-- Your objective --
Filter the records below for the word "roll". Copy each line that holds it.

* * *

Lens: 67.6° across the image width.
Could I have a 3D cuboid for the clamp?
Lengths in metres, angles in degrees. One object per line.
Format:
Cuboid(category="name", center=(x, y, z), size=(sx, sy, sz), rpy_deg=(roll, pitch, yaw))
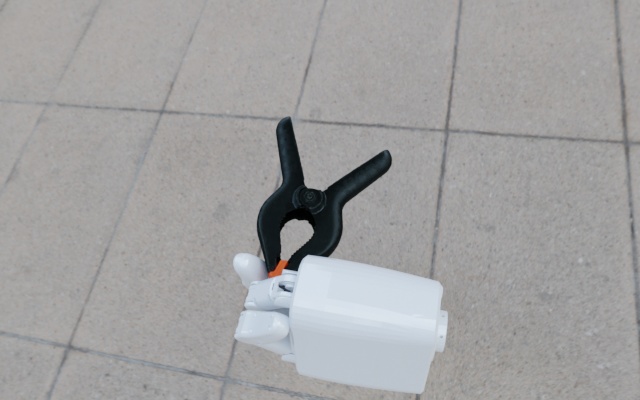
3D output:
Cuboid(category="clamp", center=(0.000, 0.001, 0.450), size=(0.120, 0.171, 0.039), rpy_deg=(9, -24, 7))
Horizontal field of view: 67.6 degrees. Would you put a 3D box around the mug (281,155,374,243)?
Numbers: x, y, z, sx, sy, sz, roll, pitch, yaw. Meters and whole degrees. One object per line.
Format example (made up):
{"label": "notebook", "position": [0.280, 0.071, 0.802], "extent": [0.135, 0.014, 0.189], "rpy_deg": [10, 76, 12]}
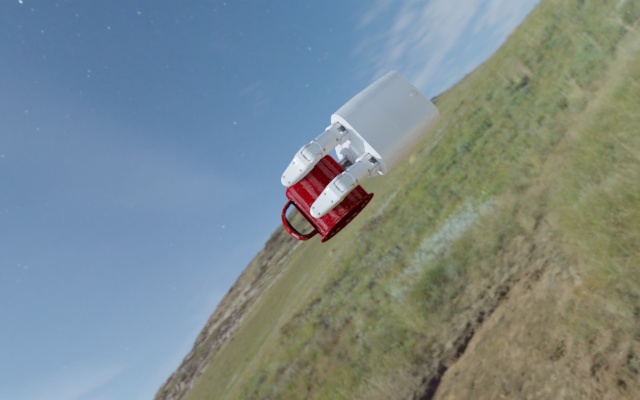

* * *

-- Finished task --
Cuboid(category="name", center=(x, y, z), size=(sx, sy, sz), rpy_deg=(roll, pitch, yaw))
Numbers: x, y, z, sx, sy, sz, roll, pitch, yaw. Meters and whole degrees. One object per line.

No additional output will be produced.